The sun wasn’t far from making its way above the horizon, and it had begun to pull at my shoulders.

Fortunately, the combined strength of the Chicago Police Department, the Chicago Fire Department, the Ombud’s office, half the North American Central Pack, the vampires of Cadogan House, and the Red Guard had finally managed to stop the attack.

Ethan seemed to take the Red Guard’s participation in stride. He didn’t bat an eyelash when he saw them, but he also didn’t have any reason to tie their presence to me.

That meant if I decided to join them, I could still keep my secret under wraps.

But positives aside, the House wasn’t without its casualties. Seven shifters and humans had been killed in the attack. We lost three vampires. I didn’t know any of them to speak of, although two lived on the second floor not far from my room. Two were lost to wooden stakes; their ashen remains now mingled with the destruction in the House.

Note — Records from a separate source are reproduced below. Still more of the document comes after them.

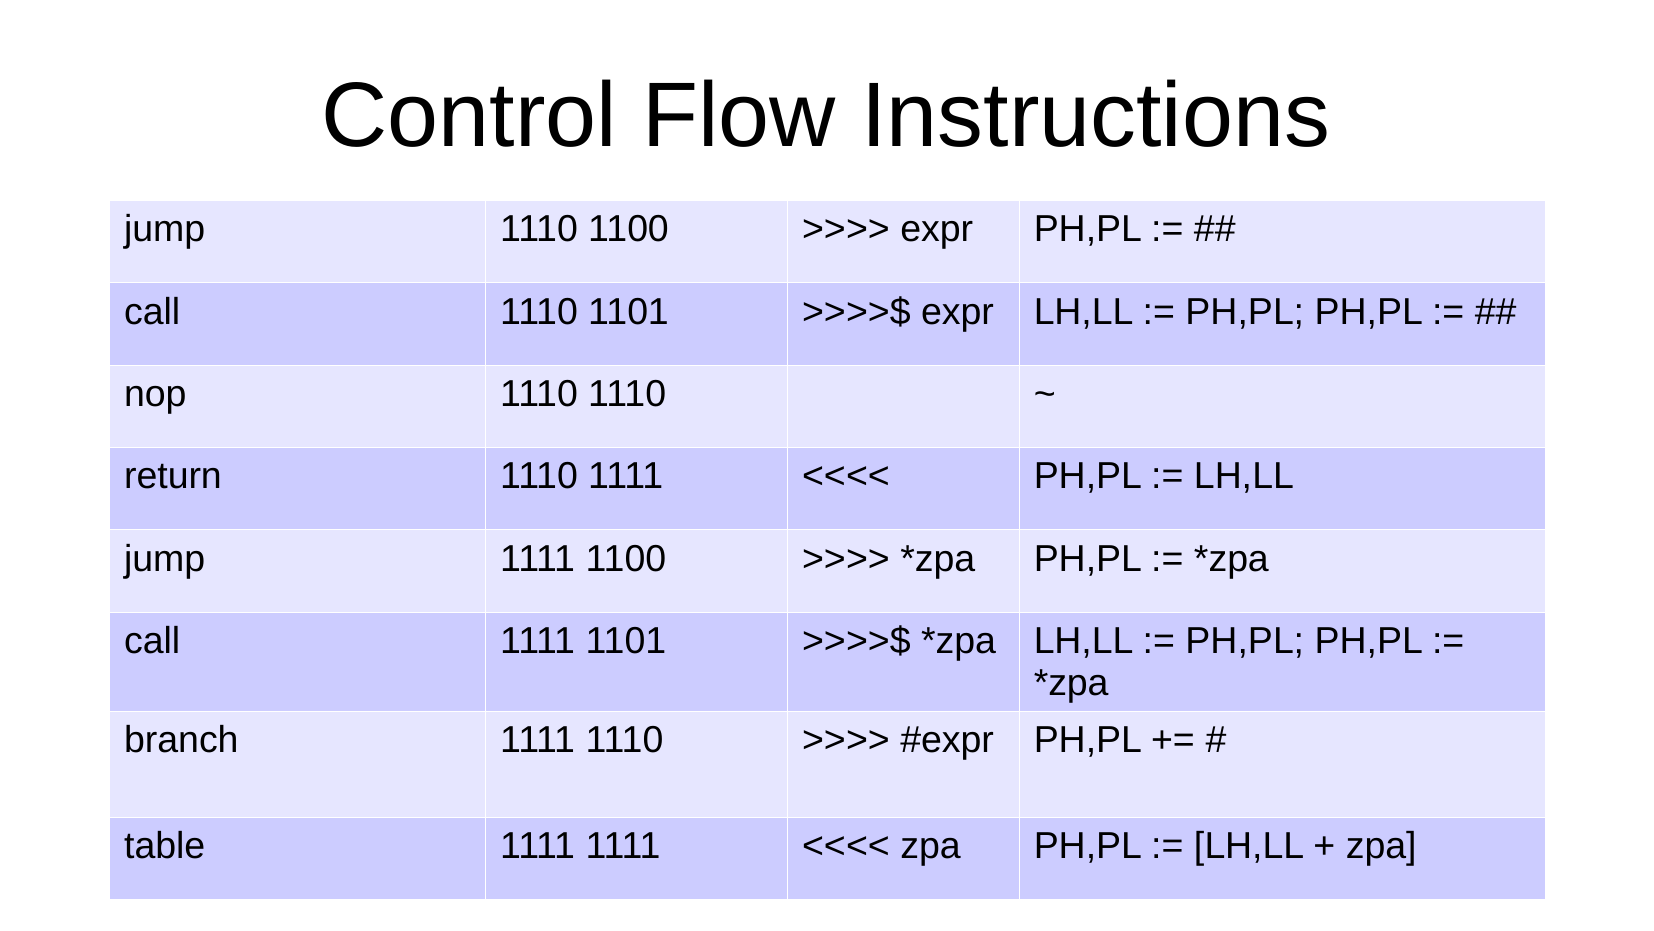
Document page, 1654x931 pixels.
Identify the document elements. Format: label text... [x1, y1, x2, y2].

table_cell 1111 1110 [486, 712, 787, 817]
table_cell branch [110, 712, 485, 817]
table_cell 1110 1111 [486, 448, 787, 529]
table_cell >>>>$ expr [788, 283, 1019, 365]
table_cell >>>>$ *zpa [788, 613, 1019, 711]
table_cell return [110, 448, 485, 529]
table_cell >>>> #expr [788, 712, 1019, 817]
table_cell call [110, 613, 485, 711]
table_cell PH,PL := *zpa [1020, 530, 1545, 612]
table_cell 1111 1101 [486, 613, 787, 711]
table_cell call [110, 283, 485, 365]
table_cell PH,PL += # [1020, 712, 1545, 817]
table_cell LH,LL := PH,PL; PH,PL := *zpa [1020, 613, 1545, 711]
title Control Flow Instructions [82, 37, 1571, 193]
table_cell <<<< zpa [788, 818, 1019, 899]
table_cell <<<< [788, 448, 1019, 529]
table_header 1110 1100 [486, 201, 787, 282]
table_cell PH,PL := [LH,LL + zpa] [1020, 818, 1545, 899]
table_cell 1111 1111 [486, 818, 787, 899]
table_header jump [110, 201, 485, 282]
table_header PH,PL := ## [1020, 201, 1545, 282]
table_cell PH,PL := LH,LL [1020, 448, 1545, 529]
table_cell jump [110, 530, 485, 612]
table_cell 1110 1101 [486, 283, 787, 365]
table_cell [788, 366, 1019, 447]
table_header >>>> expr [788, 201, 1019, 282]
table_cell >>>> *zpa [788, 530, 1019, 612]
table_cell 1111 1100 [486, 530, 787, 612]
table_cell LH,LL := PH,PL; PH,PL := ## [1020, 283, 1545, 365]
table_cell table [110, 818, 485, 899]
table_cell nop [110, 366, 485, 447]
table_cell ~ [1020, 366, 1545, 447]
table_cell 1110 1110 [486, 366, 787, 447]

The third, however, had met a more gruesome end. She’d been the victim of an old-fashioned torture. A crazed human attacker – one of the deceased

– weakened her with an ill-placed stake and removed her heart.

In honor of her sacrifice, her body had been placed in the garden behind the House, to be given to the sun when it finally breached the sky. As for Cadogan itself, the marauders had worked to bring down the House around us. While the sturdy stone construction had thwarted the worst of the damage, the furnishings and woodwork on the first and second floors had been damaged, some of the rooms rendered uninhabitable. Helen and Malik had been working the phones, making arrangements with Grey, Navarre, and the other Cadogan vamps in Chicago to find temporary homes for vamps whose rooms had been torched or were too wet and smoky to stay in. My room, in a back corridor of the second floor, had fortunately been spared. As Ombudsman, my grandfather had jurisdiction over the city’s response to the chaos. He helped sort out the good shifters from the bad, explaining the politics to any CPD cop he could corral long enough. He managed to keep them from arresting every shifter and vampire in sight; given the destruction and chaos, I called that a victory.

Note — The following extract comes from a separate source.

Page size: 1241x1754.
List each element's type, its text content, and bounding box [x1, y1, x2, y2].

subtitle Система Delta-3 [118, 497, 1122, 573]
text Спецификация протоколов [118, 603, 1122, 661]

Unfortunately, he hadn’t been able to keep the paparazzi from snapping pictures. They didn’t venture into Cadogan House, but they hadn’t needed to – one of Adam’s shifters had been so grievously wounded in human form that he’d shifted in the middle of the front lawn to heal himself. I might have been the first vampire to witness the shifting of a Pack member, but I hadn’t been the last . . . and the paparazzi wouldn’t be the last, either. They’d reportedly snapped pictures of the biker turned coyote – and the biker turning into a coyote. Having seen the transformation myself, I doubted the final photographs would show much more than lights and colors.

Regardless, it was obvious to the reporters that something supernatural had happened, something they hadn’t seen before, and that set off a journalistic feeding frenzy. That’s why my grandfather, at Gabriel’s request, had cordoned the reporters into an area in front of the House. He stood behind a make-shift podium, Gabriel at his side, a bevy of uniformed cops surrounding them.

Waiting.

Gabriel raised his hands, and the crowd of reporters quieted just as the shifters had the night before.

"I have something to say," he announced, then used the back of his hand to push a trail of blood from his eyes. He paused, the weight of the looming confession in his eyes. I knew what he was going to say, but I also knew what it would cost him – emotionally and politically.

"You’ll soon see pictures that tell quite a tale. That prove that vampires are not the only supernatural beings in the world. We are shape-shifters," he said,

"beings who can take animal or human form."

Ethan stood beside me, and at the mention of the magic word, slid his fingers into mine. I squeezed back. The area erupted into a cacophony of camera flashes and questions. Gabriel ignored them, holding up a hand again so that he could continue speaking.